Oct 11, 2013

24FPS @ LFF 2013 Wounded

Dir: Fernando Franco
Films about mental illness tend to come in two distinct flavours.  There is the bleak as fuck version, most often complete with tragic and/or bloody ending or the wackier version (see Silver Linings Playbook, large sections of which could be re-titled 'Mental Illness Ain't It Kooky?')  Wounded does not fall into either of these categories.  This is where I have to inform you that, while I've no desire to start writing like Harry Knowles, this review is going to have to get much more personal than I would usually allow, because that's the only way to tell you how Wounded affected me.

The film is essentially a character study of Ana Ortega (Marian Alvarez), an ambulance driver in her late twenties who – though apparently undiagnosed – is clearly suffering with severe depression and anxiety attacks, causing her to self harm, shut herself away and sometimes lash out at people.  Over about six months, Wounded follows Ana's attempts to lead a relatively normal life, without people knowing that she's unwell.

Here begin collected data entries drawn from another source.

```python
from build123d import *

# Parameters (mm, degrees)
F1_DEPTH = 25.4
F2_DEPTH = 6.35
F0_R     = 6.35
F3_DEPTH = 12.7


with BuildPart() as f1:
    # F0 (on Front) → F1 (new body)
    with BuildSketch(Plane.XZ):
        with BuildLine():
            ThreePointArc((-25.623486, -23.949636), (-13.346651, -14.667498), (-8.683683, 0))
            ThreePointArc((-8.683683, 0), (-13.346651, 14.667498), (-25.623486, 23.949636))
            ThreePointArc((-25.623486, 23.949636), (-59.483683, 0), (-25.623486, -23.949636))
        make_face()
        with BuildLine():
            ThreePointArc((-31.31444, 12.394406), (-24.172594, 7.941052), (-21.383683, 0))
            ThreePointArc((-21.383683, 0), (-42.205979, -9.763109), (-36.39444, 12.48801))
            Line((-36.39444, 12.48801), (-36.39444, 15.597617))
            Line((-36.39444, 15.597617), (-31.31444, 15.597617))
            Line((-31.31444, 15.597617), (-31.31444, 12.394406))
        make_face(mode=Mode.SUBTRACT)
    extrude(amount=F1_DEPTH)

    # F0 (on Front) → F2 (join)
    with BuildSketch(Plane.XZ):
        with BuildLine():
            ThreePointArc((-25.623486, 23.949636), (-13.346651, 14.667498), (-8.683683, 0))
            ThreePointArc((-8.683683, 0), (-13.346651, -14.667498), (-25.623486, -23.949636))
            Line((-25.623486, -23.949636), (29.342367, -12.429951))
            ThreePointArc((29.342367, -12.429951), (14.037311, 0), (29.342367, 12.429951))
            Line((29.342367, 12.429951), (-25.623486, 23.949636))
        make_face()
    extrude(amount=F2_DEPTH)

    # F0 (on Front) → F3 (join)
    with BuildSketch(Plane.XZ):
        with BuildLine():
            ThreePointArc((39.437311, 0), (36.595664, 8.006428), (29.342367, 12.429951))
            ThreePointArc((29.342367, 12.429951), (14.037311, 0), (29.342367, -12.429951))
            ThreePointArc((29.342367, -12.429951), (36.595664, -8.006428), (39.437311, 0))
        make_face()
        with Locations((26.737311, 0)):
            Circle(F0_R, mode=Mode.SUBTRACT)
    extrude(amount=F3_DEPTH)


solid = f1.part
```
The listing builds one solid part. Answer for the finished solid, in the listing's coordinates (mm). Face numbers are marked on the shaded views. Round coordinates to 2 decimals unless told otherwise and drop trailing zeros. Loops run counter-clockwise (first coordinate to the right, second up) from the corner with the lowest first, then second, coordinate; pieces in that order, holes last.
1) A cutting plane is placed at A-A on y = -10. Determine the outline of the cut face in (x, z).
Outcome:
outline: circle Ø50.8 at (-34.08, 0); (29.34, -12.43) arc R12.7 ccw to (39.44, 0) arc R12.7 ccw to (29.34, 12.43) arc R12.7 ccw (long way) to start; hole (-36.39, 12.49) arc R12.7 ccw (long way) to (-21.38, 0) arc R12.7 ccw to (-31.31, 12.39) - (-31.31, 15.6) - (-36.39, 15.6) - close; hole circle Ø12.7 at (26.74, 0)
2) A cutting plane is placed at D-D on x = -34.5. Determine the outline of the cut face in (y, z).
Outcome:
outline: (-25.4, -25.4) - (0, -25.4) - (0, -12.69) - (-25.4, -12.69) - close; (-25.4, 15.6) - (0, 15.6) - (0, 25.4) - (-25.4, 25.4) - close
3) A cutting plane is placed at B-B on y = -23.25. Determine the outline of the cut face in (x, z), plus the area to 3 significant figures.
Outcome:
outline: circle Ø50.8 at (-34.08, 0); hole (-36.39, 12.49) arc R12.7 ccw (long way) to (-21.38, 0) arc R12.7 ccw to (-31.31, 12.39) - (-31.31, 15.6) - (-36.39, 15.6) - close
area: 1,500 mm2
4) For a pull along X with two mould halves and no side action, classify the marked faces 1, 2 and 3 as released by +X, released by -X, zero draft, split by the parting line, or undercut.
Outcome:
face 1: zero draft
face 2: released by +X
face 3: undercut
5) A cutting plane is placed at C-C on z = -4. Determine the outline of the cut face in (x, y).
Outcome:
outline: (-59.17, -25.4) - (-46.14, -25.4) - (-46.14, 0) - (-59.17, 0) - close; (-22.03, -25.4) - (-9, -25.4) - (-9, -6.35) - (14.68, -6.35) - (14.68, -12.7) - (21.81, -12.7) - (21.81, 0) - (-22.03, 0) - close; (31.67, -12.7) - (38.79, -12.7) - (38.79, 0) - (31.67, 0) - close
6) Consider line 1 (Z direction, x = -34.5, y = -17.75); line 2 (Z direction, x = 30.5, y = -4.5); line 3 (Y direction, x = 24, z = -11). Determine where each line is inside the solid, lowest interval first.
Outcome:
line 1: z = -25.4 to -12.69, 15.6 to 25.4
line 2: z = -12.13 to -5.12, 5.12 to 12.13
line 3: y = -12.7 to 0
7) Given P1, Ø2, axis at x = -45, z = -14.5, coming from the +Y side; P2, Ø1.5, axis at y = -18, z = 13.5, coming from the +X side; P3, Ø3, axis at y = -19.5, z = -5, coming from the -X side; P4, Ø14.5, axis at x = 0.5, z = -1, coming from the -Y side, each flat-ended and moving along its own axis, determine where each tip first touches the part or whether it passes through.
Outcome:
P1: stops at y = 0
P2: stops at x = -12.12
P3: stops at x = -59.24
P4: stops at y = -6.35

This is where it has to get personal.  For most of my twenties, and still to a thankfully lesser degree, I suffered with severe anxiety and depression.  I was never as bad as Ana, I never self-harmed but I think it was movies, as much as anything, that helped get me through.  Coming from this standpoint I can say that Marian Alvarez' performance as Ana comes as close as anything I've ever seen to showing what my experience of depression was.  

I knew the film was going to engage me personally right from the start, when Ana has a panic attack at work, but hides it from her co-worker Jaime.  This is something I did regularly, and it took me viscerally back to those moments.  Here and in the rest of the film Alvarez is sensational.  She does a great deal with very little.  Small moments; a gesture here, a look there, tell a great deal about what is going through her head and how she's trying to keep it from coming to the surface.  When it does boil over it is powerful, but always real and not overplayed.  Her frustration after lying to end an online chat with a friend, for example, also struck a deeply personal chord.  I've done that, and reacted like that.  Personal experience or not, I suspect most will still think Alvarez does a sterling job here, establishing herself as a name to watch.

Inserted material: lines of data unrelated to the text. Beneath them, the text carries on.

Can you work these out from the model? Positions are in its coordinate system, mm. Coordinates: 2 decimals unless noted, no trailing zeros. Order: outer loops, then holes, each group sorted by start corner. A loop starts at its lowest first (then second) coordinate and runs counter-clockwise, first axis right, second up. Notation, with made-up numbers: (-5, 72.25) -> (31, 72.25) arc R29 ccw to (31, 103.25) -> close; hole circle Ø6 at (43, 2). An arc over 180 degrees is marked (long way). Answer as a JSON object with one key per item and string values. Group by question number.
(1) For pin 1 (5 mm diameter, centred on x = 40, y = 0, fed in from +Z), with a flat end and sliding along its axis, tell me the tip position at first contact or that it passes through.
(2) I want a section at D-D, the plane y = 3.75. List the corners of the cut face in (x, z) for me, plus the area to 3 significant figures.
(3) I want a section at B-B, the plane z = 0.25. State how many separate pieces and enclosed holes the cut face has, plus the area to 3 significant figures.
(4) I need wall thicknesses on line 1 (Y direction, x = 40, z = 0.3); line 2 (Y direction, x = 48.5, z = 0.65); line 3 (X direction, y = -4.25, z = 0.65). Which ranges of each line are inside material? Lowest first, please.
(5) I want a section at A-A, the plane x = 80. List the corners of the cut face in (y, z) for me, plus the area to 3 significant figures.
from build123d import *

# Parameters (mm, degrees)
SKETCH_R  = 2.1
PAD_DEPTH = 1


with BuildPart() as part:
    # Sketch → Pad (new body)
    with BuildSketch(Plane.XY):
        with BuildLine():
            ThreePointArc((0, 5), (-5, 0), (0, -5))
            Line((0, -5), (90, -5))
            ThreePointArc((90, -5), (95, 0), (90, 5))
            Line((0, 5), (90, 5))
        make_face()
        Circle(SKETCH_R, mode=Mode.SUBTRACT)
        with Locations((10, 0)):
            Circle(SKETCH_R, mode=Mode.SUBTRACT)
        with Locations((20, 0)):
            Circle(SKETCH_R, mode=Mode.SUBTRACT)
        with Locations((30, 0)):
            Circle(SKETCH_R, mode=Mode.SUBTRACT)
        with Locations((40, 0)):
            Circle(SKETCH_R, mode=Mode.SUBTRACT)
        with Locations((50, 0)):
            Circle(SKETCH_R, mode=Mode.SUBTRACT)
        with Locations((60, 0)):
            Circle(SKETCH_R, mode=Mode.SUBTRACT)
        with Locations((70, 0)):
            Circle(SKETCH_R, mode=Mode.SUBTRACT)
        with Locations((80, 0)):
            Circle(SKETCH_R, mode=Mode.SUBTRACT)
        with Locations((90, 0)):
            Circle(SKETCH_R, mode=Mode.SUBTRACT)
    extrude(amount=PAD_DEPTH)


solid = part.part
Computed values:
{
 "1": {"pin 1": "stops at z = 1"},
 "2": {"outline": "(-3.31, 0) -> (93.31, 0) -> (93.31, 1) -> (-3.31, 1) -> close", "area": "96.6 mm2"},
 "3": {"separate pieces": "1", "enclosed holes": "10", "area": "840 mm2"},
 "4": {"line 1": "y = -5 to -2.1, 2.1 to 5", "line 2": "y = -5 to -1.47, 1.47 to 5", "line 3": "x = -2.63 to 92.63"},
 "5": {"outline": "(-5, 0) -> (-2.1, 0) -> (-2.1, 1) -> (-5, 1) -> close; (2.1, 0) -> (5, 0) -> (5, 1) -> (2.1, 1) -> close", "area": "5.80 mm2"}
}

Director Fernando Franco clearly has a firm hand on the performances, as he gets similarly outstanding, naturalistic, work from the actors around Alvarez.  Rosana Pastor puts in an especially good performance as Ana's mother, who is all unspoken concern.  She clearly loves and worries about her daughter, but it's almost as if she asks about the self-harm that will make it real for her.

The key to the film is that, as difficult as she can be, you always root for Ana and want her to be okay.  Franco and Alvarez achieve this by breaking out of the bleakness to show Ana's efforts to maintain a normal life.  You can sometimes see behind the depression, whether it be through the way she works with a favourite patient who has dementia or her playful response to a suitor at a work party.  Sometimes we also see how depression twists those moments, leading her to passionless sex or occasional drug abuse, and those moments are wrenching.

There is little narrative shape here and that's a good thing, it means that Wounded steers away from offering easy answers for why Ana is depressed (there are hints that it may have something to do with her Father, but nothing concrete) or for how she can finally beat it.  That's not to say that this isn't a hopeful film, I think it ultimately is, but it's a film about a process that looks at only a small part of that process.  

With it's stark imagery, limited narrative, downbeat story and unresolved ending some will find Wounded a difficult experience.  I certainly did, but the very difficulty of watching it, the regularity with which it pricked at painful memories, was proof to me of how strong and how affecting both the film and Marian Alvarez' performance (which is worth the price of admission by itself) really are.  I'm sure my grade is slightly coloured by the level on which I personally engaged with this film, but I don't think I can honestly give it a lower score.